THERE’S A PATTERN throughout history you cannot ignore. We have established Voices since the 1920s all the way through to the Aboriginal and Torres Strait Islander Commission [in 1990]. But every time Indigenous people have set up a Voice to be able to come together—to have our debates and discussions in a proper and informed way, to reach a consensus and then go out there with coherency, with strength and unity to be able to achieve change—a government has come along and taken it away.”
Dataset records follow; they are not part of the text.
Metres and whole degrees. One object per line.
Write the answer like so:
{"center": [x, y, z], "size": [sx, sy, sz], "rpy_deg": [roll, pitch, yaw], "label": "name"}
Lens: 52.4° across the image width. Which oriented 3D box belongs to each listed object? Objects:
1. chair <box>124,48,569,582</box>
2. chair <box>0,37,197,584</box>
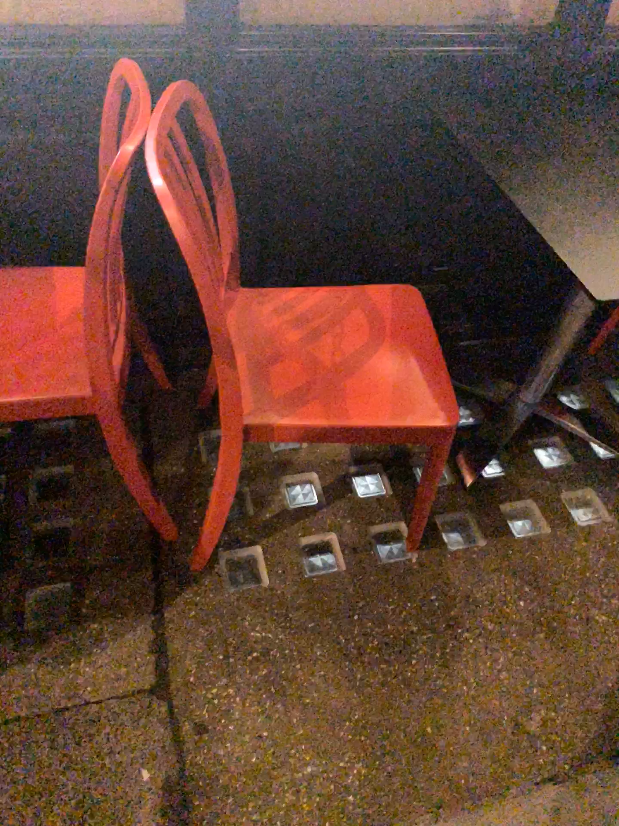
{"center": [-0.015, -0.169, 1.269], "size": [0.560, 0.851, 0.576], "rpy_deg": [-4, 46, -10], "label": "chair"}
{"center": [-0.548, -0.173, 1.228], "size": [0.540, 0.851, 0.545], "rpy_deg": [-7, 46, -12], "label": "chair"}

Thomas Mayo (left) and Kim Wilson, a key figure in Native Title and the historic return of Uluru in 1986 speaking at Cafe Freda’s ‘Yes 23’ event. Photography: Jack Moran

Kaurareg man Thomas Mayo is standing before a crowd of people inside Sydney’s Cafe Freda’s, recalling a handful of historical precedents in which various Australian governments took it upon themselves to make decisions on behalf of Indigenous people. It’s four days until the October 14 referendum is due to take place, and the gravity of his words is not lost on anyone in the room. Today, the irreparable damage done by John Howard’s Northern Territory Intervention in 2007, and Tony Abbott’s decision to cut hundreds of millions of dollars from frontline community services in 2016, is abundantly clear. This Saturday, the Australian public have the opportunity to give First Nations people a Voice; the right to be consulted on policies that affect their communities so that past mistakes are not repeated.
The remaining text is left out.